## PROBLEM TO SOLVE
Print the first line of the records below and every line after it, up to and including the line with "What is the first". Print nothing else.

## DATA EXTRACT
****
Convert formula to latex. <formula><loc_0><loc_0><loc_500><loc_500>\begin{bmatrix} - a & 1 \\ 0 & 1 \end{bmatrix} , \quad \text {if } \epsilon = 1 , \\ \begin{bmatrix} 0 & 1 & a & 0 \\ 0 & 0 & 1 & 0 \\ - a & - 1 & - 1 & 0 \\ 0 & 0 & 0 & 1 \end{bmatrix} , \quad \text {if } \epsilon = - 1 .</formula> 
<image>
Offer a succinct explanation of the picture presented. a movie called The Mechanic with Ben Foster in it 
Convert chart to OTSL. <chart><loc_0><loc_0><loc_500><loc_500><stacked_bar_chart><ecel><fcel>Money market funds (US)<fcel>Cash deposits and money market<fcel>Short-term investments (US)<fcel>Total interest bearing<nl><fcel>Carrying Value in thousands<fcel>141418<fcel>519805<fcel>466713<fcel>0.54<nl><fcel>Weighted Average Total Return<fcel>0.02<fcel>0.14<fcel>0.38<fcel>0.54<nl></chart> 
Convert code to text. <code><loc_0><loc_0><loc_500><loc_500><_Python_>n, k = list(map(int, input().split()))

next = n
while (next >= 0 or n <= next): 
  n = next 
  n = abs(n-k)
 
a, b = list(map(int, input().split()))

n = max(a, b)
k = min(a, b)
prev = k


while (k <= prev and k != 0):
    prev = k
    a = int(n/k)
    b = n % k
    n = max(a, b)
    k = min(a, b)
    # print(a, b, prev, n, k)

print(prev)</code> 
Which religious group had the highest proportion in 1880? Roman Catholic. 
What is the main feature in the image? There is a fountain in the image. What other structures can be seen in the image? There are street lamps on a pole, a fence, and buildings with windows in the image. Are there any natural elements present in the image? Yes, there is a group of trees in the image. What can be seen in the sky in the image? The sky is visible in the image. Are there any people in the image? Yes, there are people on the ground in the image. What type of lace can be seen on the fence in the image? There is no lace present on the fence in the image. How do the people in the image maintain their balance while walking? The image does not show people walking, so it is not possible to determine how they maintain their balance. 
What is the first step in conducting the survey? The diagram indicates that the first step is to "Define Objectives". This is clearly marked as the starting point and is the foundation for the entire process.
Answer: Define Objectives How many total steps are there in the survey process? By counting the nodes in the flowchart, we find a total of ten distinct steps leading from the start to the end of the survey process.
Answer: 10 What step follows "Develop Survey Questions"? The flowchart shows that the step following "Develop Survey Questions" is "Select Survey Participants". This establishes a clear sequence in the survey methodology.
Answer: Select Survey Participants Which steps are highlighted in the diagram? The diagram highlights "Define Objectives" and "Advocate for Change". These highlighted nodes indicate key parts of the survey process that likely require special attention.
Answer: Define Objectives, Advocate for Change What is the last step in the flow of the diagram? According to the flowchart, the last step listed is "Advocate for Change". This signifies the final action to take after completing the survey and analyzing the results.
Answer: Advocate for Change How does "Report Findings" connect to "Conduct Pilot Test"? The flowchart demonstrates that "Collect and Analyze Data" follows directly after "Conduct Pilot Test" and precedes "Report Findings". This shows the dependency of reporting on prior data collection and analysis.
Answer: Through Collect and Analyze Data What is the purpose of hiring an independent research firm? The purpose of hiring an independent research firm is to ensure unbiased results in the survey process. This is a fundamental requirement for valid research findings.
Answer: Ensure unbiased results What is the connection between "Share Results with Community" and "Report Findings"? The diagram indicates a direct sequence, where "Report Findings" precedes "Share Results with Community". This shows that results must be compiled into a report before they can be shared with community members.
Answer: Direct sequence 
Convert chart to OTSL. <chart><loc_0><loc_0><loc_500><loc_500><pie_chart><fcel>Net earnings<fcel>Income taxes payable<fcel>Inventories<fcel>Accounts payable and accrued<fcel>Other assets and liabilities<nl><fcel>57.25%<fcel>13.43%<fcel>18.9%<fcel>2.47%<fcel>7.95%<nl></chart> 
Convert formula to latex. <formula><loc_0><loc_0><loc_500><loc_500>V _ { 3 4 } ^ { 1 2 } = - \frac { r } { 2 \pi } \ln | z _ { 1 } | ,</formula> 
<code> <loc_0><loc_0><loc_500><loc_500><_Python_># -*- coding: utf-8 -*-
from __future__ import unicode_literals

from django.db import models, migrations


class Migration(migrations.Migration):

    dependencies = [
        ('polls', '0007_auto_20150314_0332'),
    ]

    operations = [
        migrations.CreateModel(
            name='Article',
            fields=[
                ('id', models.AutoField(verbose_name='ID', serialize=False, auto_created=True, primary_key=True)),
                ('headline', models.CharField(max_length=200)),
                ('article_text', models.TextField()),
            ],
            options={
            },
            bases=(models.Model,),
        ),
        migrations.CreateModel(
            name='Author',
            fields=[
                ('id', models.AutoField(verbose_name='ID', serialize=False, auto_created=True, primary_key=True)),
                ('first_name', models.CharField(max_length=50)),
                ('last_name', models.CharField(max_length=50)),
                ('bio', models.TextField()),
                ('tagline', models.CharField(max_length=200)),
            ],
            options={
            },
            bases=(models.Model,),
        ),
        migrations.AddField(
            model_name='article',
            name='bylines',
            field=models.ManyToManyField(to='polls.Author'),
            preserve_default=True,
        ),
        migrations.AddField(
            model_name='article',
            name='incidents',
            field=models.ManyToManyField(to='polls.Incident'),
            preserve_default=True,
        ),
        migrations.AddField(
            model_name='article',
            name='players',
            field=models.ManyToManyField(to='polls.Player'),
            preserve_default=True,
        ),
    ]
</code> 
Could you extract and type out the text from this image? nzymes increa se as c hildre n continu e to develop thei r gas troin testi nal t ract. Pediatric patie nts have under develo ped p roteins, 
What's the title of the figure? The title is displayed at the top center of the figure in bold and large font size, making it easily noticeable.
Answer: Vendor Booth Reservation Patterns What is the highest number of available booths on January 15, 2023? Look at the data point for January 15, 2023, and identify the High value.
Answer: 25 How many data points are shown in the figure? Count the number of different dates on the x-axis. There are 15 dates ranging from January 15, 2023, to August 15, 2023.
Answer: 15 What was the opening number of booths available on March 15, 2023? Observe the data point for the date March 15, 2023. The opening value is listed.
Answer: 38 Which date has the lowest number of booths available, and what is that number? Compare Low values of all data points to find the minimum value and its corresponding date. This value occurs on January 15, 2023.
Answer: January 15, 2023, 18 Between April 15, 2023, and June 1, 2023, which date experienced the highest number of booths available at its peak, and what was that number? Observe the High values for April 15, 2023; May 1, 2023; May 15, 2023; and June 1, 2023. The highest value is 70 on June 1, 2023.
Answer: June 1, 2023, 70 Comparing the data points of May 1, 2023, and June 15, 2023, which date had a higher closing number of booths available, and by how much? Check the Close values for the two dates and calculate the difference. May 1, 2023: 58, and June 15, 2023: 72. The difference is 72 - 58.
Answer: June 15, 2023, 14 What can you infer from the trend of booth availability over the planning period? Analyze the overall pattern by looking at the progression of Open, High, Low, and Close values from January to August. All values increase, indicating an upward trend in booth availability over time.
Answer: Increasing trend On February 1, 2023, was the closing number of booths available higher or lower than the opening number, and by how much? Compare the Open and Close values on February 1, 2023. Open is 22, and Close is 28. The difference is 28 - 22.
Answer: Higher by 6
****
## WRITTEN ANSWER
Convert formula to latex. <formula><loc_0><loc_0><loc_500><loc_500>\begin{bmatrix} - a & 1 \\ 0 & 1 \end{bmatrix} , \quad \text {if } \epsilon = 1 , \\ \begin{bmatrix} 0 & 1 & a & 0 \\ 0 & 0 & 1 & 0 \\ - a & - 1 & - 1 & 0 \\ 0 & 0 & 0 & 1 \end{bmatrix} , \quad \text {if } \epsilon = - 1 .</formula> 
<image>
Offer a succinct explanation of the picture presented. a movie called The Mechanic with Ben Foster in it 
Convert chart to OTSL. <chart><loc_0><loc_0><loc_500><loc_500><stacked_bar_chart><ecel><fcel>Money market funds (US)<fcel>Cash deposits and money market<fcel>Short-term investments (US)<fcel>Total interest bearing<nl><fcel>Carrying Value in thousands<fcel>141418<fcel>519805<fcel>466713<fcel>0.54<nl><fcel>Weighted Average Total Return<fcel>0.02<fcel>0.14<fcel>0.38<fcel>0.54<nl></chart> 
Convert code to text. <code><loc_0><loc_0><loc_500><loc_500><_Python_>n, k = list(map(int, input().split()))

next = n
while (next >= 0 or n <= next): 
  n = next 
  n = abs(n-k)
 
a, b = list(map(int, input().split()))

n = max(a, b)
k = min(a, b)
prev = k


while (k <= prev and k != 0):
    prev = k
    a = int(n/k)
    b = n % k
    n = max(a, b)
    k = min(a, b)
    # print(a, b, prev, n, k)

print(prev)</code> 
Which religious group had the highest proportion in 1880? Roman Catholic. 
What is the main feature in the image? There is a fountain in the image. What other structures can be seen in the image? There are street lamps on a pole, a fence, and buildings with windows in the image. Are there any natural elements present in the image? Yes, there is a group of trees in the image. What can be seen in the sky in the image? The sky is visible in the image. Are there any people in the image? Yes, there are people on the ground in the image. What type of lace can be seen on the fence in the image? There is no lace present on the fence in the image. How do the people in the image maintain their balance while walking? The image does not show people walking, so it is not possible to determine how they maintain their balance. 
What is the first step in conducting the survey? The diagram indicates that the first step is to "Define Objectives". This is clearly marked as the starting point and is the foundation for the entire process.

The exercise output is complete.